Diagnostics and treatment of a stafilodermiya
In dermatology for definition of a stafilodermiya use methods of dermatological survey and a bacteriological research of pus, the supporting role is played by the general blood test. At survey the doctor can determine depth and the nature of pyoinflammatory defeat, and also its stage on the basis of what makes the decision on the nature of further treatment. The bacteriological research is based on crops purulent separated and further identification of the activator – first of all needs it for an exception of streptococcal piodermiya. Also within this research sensitivity of the activator of a stafilodermiya to antibiotics for further therapy can be defined. The general analyses can characterize weight of inflammatory process – in blood sharp increase in speed of subsidence of erythrocytes is found neytrofilny .
Treatment of the majority of forms of a superficial stafilodermiya, as a rule, local, is based on use of ointments with antibiotics, antiseptics and other antimicrobic means. At chronic types of a disease, such as vulgar , also apply ultra-violet radiation and other physiotherapeutic techniques. At deep forms of a stafilodermiya practically always appoint system antibiotics from group of macroleads or tetratsiklin – it becomes not only for the speedy recovery of the patient, but also for prevention of complications (metastatic spread of an infection or sepsis). When the stafilodermiya is caused by the general diseases (an immunodeficiency, diabetes), their therapy also makes the contribution to the speedy recovery.

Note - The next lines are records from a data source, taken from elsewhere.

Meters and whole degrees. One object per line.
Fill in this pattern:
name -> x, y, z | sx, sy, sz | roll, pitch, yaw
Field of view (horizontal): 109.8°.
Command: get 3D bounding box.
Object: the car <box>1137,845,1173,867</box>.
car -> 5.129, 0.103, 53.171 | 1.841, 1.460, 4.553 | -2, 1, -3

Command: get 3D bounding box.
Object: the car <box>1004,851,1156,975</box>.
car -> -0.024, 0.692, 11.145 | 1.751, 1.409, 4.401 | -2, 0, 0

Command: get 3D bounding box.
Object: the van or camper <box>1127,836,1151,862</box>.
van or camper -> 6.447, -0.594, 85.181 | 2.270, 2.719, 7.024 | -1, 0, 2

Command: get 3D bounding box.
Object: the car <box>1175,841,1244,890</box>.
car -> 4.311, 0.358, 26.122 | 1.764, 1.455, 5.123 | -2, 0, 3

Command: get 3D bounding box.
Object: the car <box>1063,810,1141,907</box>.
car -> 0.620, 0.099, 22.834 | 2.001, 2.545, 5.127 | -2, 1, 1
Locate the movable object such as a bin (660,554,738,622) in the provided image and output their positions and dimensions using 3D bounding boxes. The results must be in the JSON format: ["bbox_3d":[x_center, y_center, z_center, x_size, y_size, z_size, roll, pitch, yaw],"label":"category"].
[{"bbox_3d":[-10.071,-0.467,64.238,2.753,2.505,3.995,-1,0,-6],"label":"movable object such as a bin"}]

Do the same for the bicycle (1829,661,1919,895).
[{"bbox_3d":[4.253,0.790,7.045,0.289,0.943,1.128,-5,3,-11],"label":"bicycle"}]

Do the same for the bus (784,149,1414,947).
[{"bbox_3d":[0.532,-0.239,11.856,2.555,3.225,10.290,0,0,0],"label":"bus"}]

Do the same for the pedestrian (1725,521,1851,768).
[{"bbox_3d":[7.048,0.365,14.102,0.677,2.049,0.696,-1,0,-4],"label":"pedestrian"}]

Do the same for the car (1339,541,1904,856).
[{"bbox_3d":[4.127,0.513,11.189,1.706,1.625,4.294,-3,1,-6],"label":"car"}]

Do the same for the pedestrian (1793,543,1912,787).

Forecast and prevention of a stafilodermiya
The forecast of a stafilodermiya, especially its superficial forms, most often favorable – after permission of the pyoinflammatory center on skin does not remain traces. At deep forms of a disease formation of granulations, more or less noticeable hems is possible and it is long the existing infiltrates. Potentially any type of a stafilodermiya can lead to heavy complications, such as sepsis, purulent lymphadenitis, abscesses of internals that creates threat of human life. Extremely seldom at extensive defeats there is toxic shock caused by waste products of stafilokokk and disintegration of fabrics. Only in due time begun antibacterial therapy will help to avoid such manifestations. For prevention of a stafilodermiya it is necessary to maintain immunity up to standard, to keep purity of integuments, to process skin damages by antiseptics, to avoid use of someone else's razors, towels, basts.